▶ **Aim of the exercise**: A word-for-word retyping of the listing below is required, with the pictures dropped.
-- Material provided follows --
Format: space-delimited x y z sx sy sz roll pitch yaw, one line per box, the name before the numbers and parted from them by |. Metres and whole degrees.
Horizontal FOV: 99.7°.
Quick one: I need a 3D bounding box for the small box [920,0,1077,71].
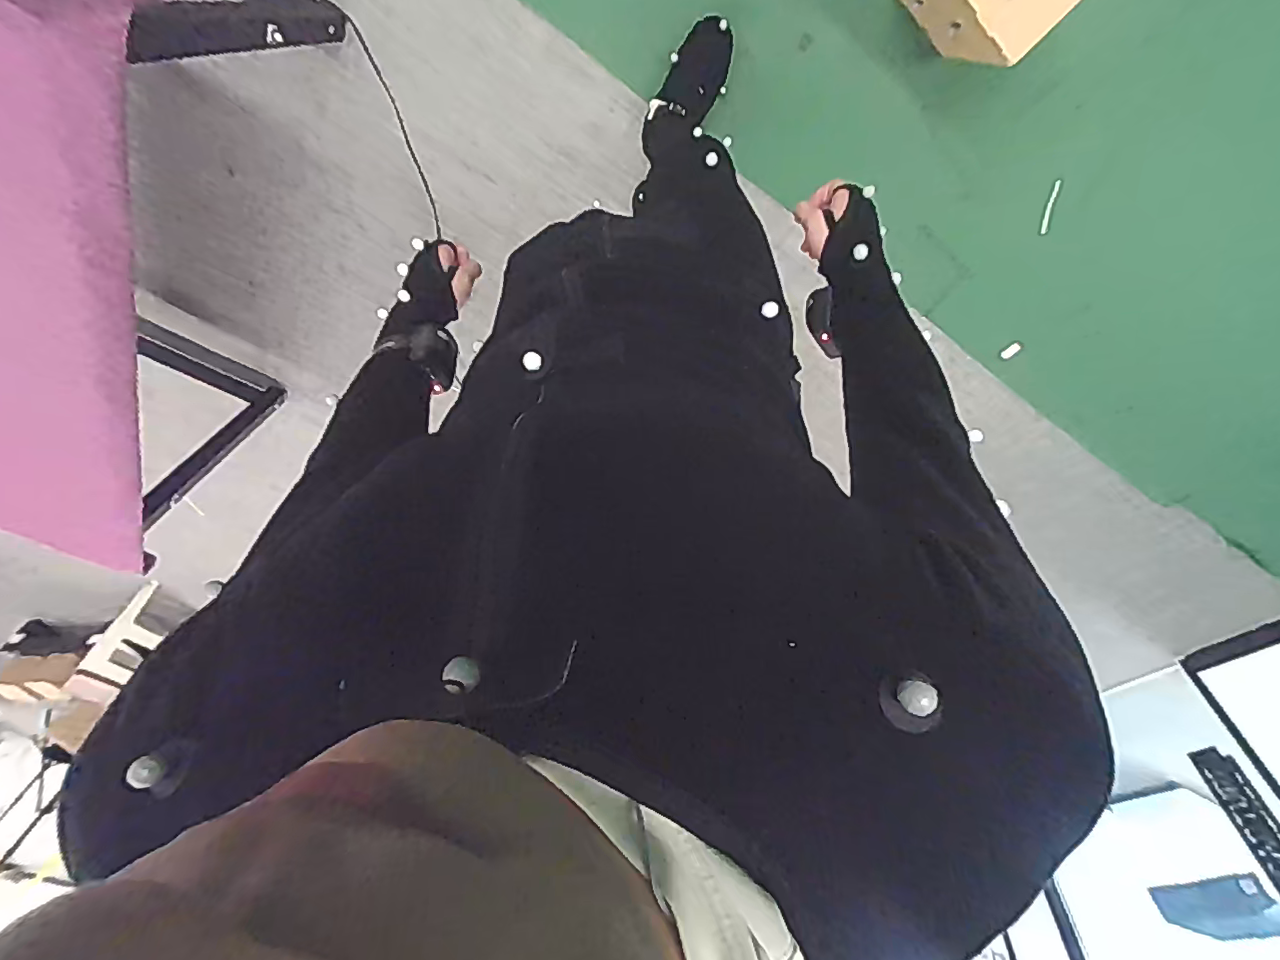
-- Material provided concluded --
▶ **Exercise answer**:
Format: space-delimited x y z sx sy sz roll pitch yaw, one line per box, the name before the numbers and parted from them by |. Metres and whole degrees.
Horizontal FOV: 99.7°.
Quick one: I need a 3D bounding box for the small box [920,0,1077,71].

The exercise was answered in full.